IEEE Journal of Selected Topics in Applied Earth Observations and Remote Sensing | 2014
Lingjun Kang; Liping Di; Meixia Deng; Yuanzheng Shao; Genong Yu; Ranjay Shrestha
Normalized Difference Vegetation Index (NDVI)-precipitation correlation has long been studied. In previous studies, the correlation was usually based on global regression model, which assumed such correlation be constant across the space. However, NDVI-precipitation correlation is spatially dependent and affected by local factors (e.g., soil background). In this paper, geographically weighted regression model is utilized to analyze the NDVI-precipitation correlation on three land use types (i.e., 1) grassland, 2) fallow/idle land, and 3) winter wheat land) within U.S. central great plain area. Results suggest that geographically weighted regression model has better performances than global regression models. Specifically, higher average R2 (0.81) and lower proportion (9%) of residuals with spatial autocorrelation has been achieved under geographically weighted regression in comparison with lower average R2 (0.68) and higher proportion (38%) of residual with spatial autocorrelation under global regression models. In addition, the spatially dependent correlation between NDVI and precipitation has been revealed with geographically weighted regression model.

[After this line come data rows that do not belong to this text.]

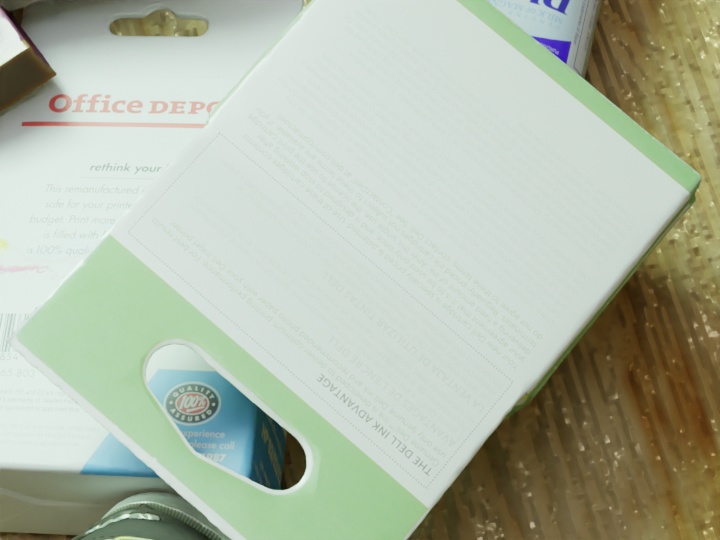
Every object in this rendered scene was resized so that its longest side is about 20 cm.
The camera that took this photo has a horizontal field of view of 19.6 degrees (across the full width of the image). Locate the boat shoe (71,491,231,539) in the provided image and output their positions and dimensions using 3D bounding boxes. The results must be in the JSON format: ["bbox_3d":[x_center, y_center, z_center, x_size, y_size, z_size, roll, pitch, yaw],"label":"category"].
[{"bbox_3d":[-0.013,0.144,0.672,0.201,0.060,0.072,31,103,10],"label":"boat shoe"}]

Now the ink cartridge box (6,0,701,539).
[{"bbox_3d":[0.000,0.000,0.704,0.145,0.048,0.200,40,75,5],"label":"ink cartridge box"}]

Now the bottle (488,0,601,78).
[{"bbox_3d":[0.045,-0.078,0.796,0.083,0.065,0.201,12,65,7],"label":"bottle"}]

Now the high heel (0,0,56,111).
[{"bbox_3d":[-0.094,-0.145,0.771,0.199,0.067,0.096,-32,72,-7],"label":"high heel"}]

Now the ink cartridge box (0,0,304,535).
[{"bbox_3d":[-0.080,-0.006,0.775,0.114,0.068,0.201,2,63,8],"label":"ink cartridge box"}]
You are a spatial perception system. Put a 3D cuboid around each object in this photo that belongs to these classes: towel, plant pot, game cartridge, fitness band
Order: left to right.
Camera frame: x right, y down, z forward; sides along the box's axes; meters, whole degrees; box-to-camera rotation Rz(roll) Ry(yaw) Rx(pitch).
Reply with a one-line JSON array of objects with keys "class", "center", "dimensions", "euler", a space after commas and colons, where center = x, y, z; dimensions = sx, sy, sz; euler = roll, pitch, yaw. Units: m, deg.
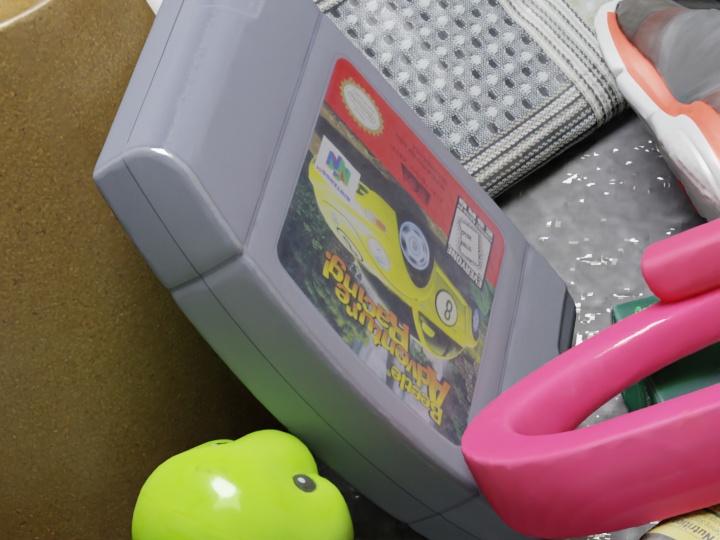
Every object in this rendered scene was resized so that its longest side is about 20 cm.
[{"class": "plant pot", "center": [-0.116, -0.024, 0.779], "dimensions": [0.186, 0.200, 0.187], "euler": [-4, 41, 4]}, {"class": "game cartridge", "center": [0.000, 0.000, 0.742], "dimensions": [0.041, 0.200, 0.133], "euler": [-24, 33, 35]}, {"class": "towel", "center": [0.008, -0.118, 0.911], "dimensions": [0.192, 0.035, 0.200], "euler": [-33, 82, -25]}, {"class": "fitness band", "center": [0.121, 0.021, 0.679], "dimensions": [0.200, 0.037, 0.144], "euler": [-23, 17, 31]}]

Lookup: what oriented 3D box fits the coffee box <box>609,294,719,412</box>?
[{"class": "coffee box", "center": [0.170, 0.072, 0.734], "dimensions": [0.123, 0.044, 0.200], "euler": [-14, 41, -5]}]

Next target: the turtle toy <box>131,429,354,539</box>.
[{"class": "turtle toy", "center": [-0.071, 0.132, 0.666], "dimensions": [0.146, 0.101, 0.200], "euler": [19, 48, 28]}]

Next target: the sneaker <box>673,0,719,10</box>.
[{"class": "sneaker", "center": [0.152, -0.143, 0.958], "dimensions": [0.200, 0.077, 0.076], "euler": [21, 51, 32]}]

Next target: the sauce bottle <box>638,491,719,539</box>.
[{"class": "sauce bottle", "center": [0.105, 0.096, 0.643], "dimensions": [0.200, 0.065, 0.065], "euler": [-35, 47, -18]}]

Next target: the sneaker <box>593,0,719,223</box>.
[{"class": "sneaker", "center": [0.146, -0.064, 0.836], "dimensions": [0.082, 0.077, 0.200], "euler": [-33, 25, 7]}]

From the north to south, the increasing unit rate of NDVIs change with precipitation has been found through spatially varying regression slopes. Moreover, local factors affecting NDVI-precipitation correlation, such as soil permeability and thickness, have been identified through analyzing the local goodness of fitting under geographically weighted regression model. In summary, unveiled spatial patterns of NDVI-precipitation correlation provide another perspective for studying correlations between NDVI and climatic factors. This work should also be helpful to better understand crop responses to precipitation in agricultural management.